Introduction to VisuaLIME
To install VisuaLIME, run:
pip install visualime
VisuaLIME provides two convenience functions (explain_classification and render_explanation) that package its building blocks into a reference explanation pipeline. While you’ll likely want to create your own version later on, they’re a great starting point.
If you’re new to LIME, you might want to check out our Grokking LIME talk/tutorial for a general introduction.
It covers the fundamentals of loading and processing images, classifying images using a pre-trained deep learning model, and walks through the essential steps that LIME uses to generate an explanation. The simplified version of LIME you’ll create as part of tutorial is directly derived from VisuaLIME.

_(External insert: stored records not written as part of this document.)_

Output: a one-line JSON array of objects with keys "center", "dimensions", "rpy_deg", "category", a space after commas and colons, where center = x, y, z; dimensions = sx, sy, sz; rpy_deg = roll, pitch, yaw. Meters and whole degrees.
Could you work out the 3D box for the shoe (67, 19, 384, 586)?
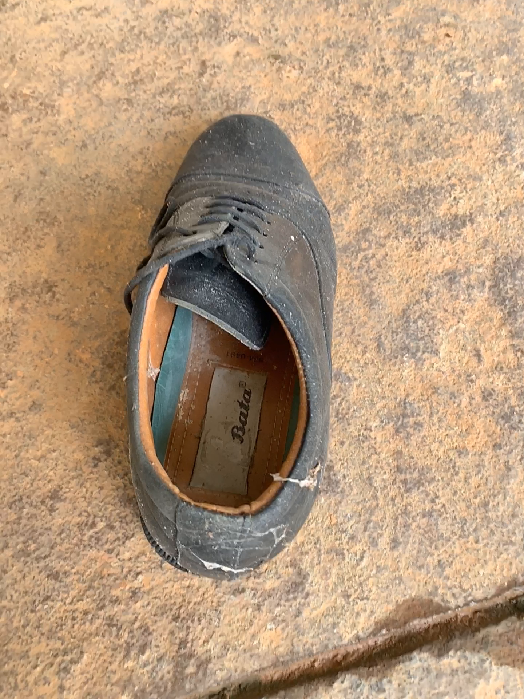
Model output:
[{"center": [-0.006, -0.034, 0.269], "dimensions": [0.100, 0.090, 0.270], "rpy_deg": [2, 64, 2], "category": "shoe"}]
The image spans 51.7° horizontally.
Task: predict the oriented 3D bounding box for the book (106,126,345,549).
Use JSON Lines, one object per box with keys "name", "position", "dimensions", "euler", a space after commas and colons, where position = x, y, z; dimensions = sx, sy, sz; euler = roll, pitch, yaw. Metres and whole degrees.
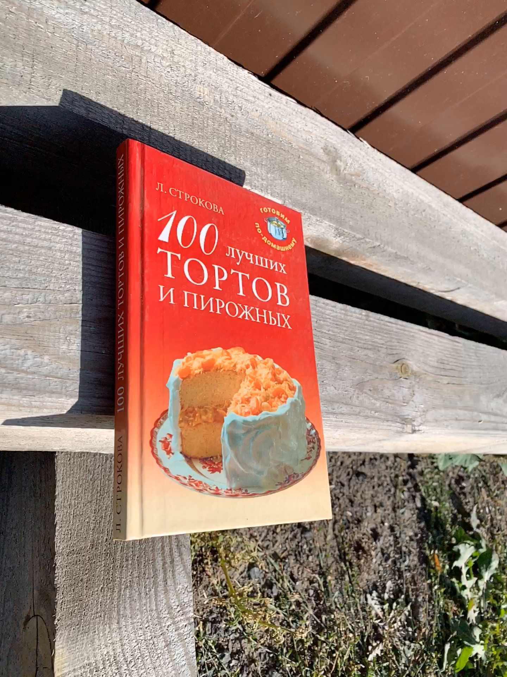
{"name": "book", "position": [-0.015, -0.002, 0.306], "dimensions": [0.143, 0.017, 0.218], "euler": [11, 65, -40]}
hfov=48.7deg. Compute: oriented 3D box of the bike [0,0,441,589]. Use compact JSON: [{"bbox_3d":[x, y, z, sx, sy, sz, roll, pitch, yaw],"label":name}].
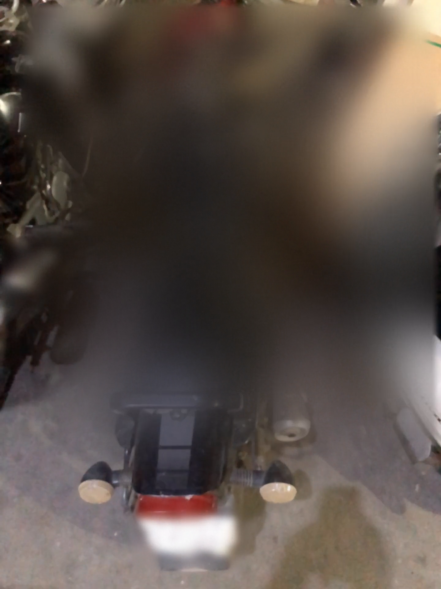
[{"bbox_3d":[-0.162,-0.235,1.550,0.863,1.251,1.676,11,42,-13],"label":"bike"}]
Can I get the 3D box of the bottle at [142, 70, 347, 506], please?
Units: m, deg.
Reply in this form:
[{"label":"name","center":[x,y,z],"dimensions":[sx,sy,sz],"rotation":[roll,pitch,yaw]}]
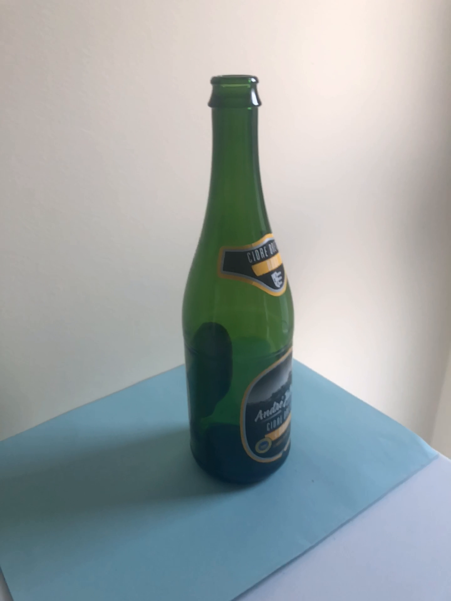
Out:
[{"label":"bottle","center":[0.016,-0.005,0.349],"dimensions":[0.080,0.278,0.091],"rotation":[18,32,33]}]

Under the hood, VisuaLIME uses numpy. Hence, you need to provide the image whose classification you want to explain as a numpy array of shape (width, height, 3) representing an RGB image.
Since LIME is a model-agnostic explanation method, it does not make any assumptions about the classifier you’re using. It’s on you to provide a function that takes a numpy array of shape (num_of_samples, width, height, 3) representing a collection of num_of_samples RGB images and returns a numpy array of shape (num_of_samples, num_of_classes) where each entry corresponds to the classifiers output for the respective image:
import numpy as np
def predict_fn(images: np.ndarray) -> np.ndarray:
predictions = ... # call your classifier
To check that you’ve prepared everything correctly, try to generate a prediction for your image as follows:
image = ... # load your image as a three-dimensional numpy array
VisuaLIME conceptually structures the explanation process into two steps:
Computing an explanation, which consists of a segment_mask and corresponding segment_weights
Rendering a visualization of the explanation
This is what generating an explanation with VisuaLIME looks like in code:
from visualime.explain import explain_classification, render_explanation
segment_mask, segment_weights = explain_classification(image, predict_fn)
explanation = render_explanation(
For a full, interactive example with more detailed instructions, see the example notebook on GitHub.
We initially used the original LIME implementation in our XAI Demonstrator project. After a while, we faced the issue that this version gives you very little control over how the explanation is rendered. In fact, the way segments are colored is somewhat misleading, as the opacity is based not on the weight of a segment but the maximum value of any color channel of the original image within the segment.
The original implementation is a classic example of “research code”: Written while conceiving and exploring a new algorithm, with lots of hard-to-follow data manipulation and cluttered with abandoned experiments. While it serves its purpose as a research tool, the tight coupling between the different components and its poor test coverage make it hard to extend or adapt.
To our knowledge, there is only one other LIME implementation that is not directly based on the original implementation. The popular PyTorch interpretability library Captum contains a version which (in line with the general approach of the library) is relatively low-level. For example, users are expected to provide their own similarity functions and take care of input segmentation. Further, it depends on PyTorch as the computational backend.
Hence, we decided to write our own version, specifically tailored towards computer vision applications and the generation of explanations for end-users. Similar to the original implementation, we’ve opted for numpy and scikit-learn as the foundation. We have structured the library around the idea of an “explanation pipeline”, a chain of small, exchangeable building blocks that can be selected according to the particular use case.
VisuaLIME is currently structured into five modules:
High-level interface (visualime.explain): Pre-configured explanation pipelines. Ideal as a starting point for new users and reference for custom implementations.
Low-level building blocks (visualime.lime): Contains each step of LIME implemented as a separate, independent function. Custom explanation pipelines can be created by chaining these functions.
Feature selection (visualime.feature_selection): Functions to select which features (image segments) to consider for the explanation.
Generating visual explanations (visualime.visualize): Functions to render visual explanations that are comprehensible for humans.
BayLIME extension (visualime.baylime): Additional functions and classes to implement the BayLIME framework.